Others disagree. Raghavendra Das, a saint who is at Kumbh Mela in Haridwar, said: “Aren’t election rallies a very common occurrence? Why are liquor stores open? Aren’t they spreading the coronavirus? “
This will hardly reassure those who live in Haridwar and fear that the influx of pilgrims may put them at risk of contracting the virus.
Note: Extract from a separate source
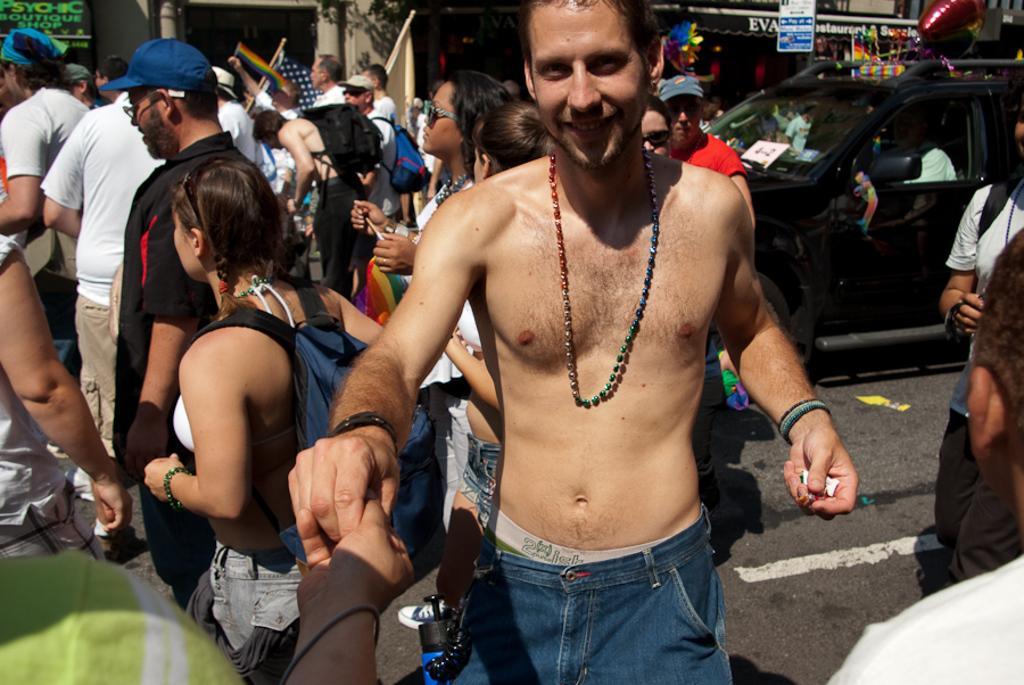What is happening on the road in the image? There are people on the road in the image, and a car is moving on the road. Can you describe the expression of one of the people in the image? Yes, a man is smiling in the image. What type of law does the boy practice in the image? There is no boy or lawyer present in the image; it only features people on the road and a man who is smiling. 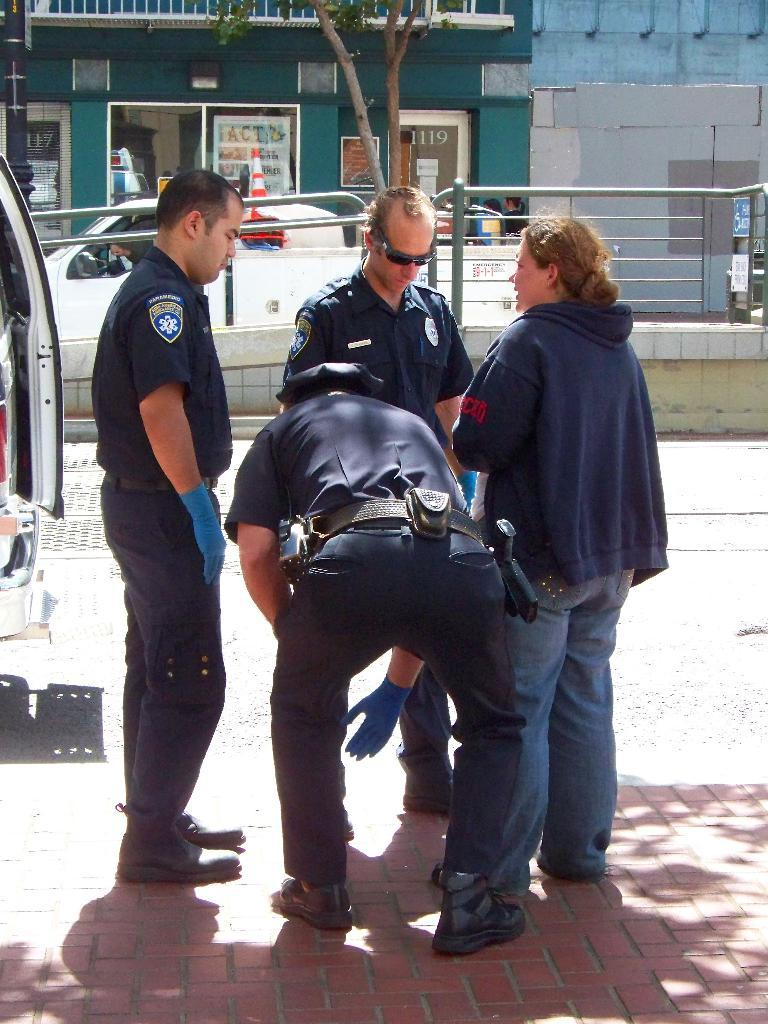How many people are present in the image? There are four persons standing in the image. What can be seen in the background of the image? There are buildings, a tree, a vehicle, and iron grilles in the background of the image. What type of fowl can be seen on the committee at the seashore in the image? There is no committee, seashore, or fowl present in the image.

“These pilgrims are going home in a day or two. But who knows what they left behind, ”said Mithilesh Sinha, a resident of Haridwar.
Fears of an increased risk of Covid prompted Sachdanand Dabral, another resident, to petition the court last year, asking how the state was prepared in the event of a Covid surge. Mr Dabral blamed Uttarakhand Chief Minister Tirath Singh Rawat for the increase in cases, for allowing people to enter the state unchecked. The BBC could not reach Mr. Rawat for comment.
Mr Dabral’s lawyer, Shiv Bhatt, was part of an official court appointed committee that visited Haridwar in March to take stock of preparations for the Kumbh Mela. Mr Bhatt said hospitals, including a designated Covid care center, lacked basic equipment.
“The toilets and rooms were in poor condition. There were no bins or garbage cans. The elevator was not working,” he said.
But Mr Jha said all issues raised in the commission’s report have since been resolved. And worshipers continue to crowd the banks, often without masks and nearby, even as officials struggle to enforce Covid safety rules during the festival.
Sandeep Shinde, a Mumbai-based painter, said he enjoyed his Kumbh Mela experience earlier this month. Seated in a large room shared by about 10 devotees, Mr. Shinde slept on a mattress on the floor.
“Coming here and seeing people taking a holy dive was wonderful. I didn’t hear anyone around me talking about corona. No one was talking about the virus,” he said.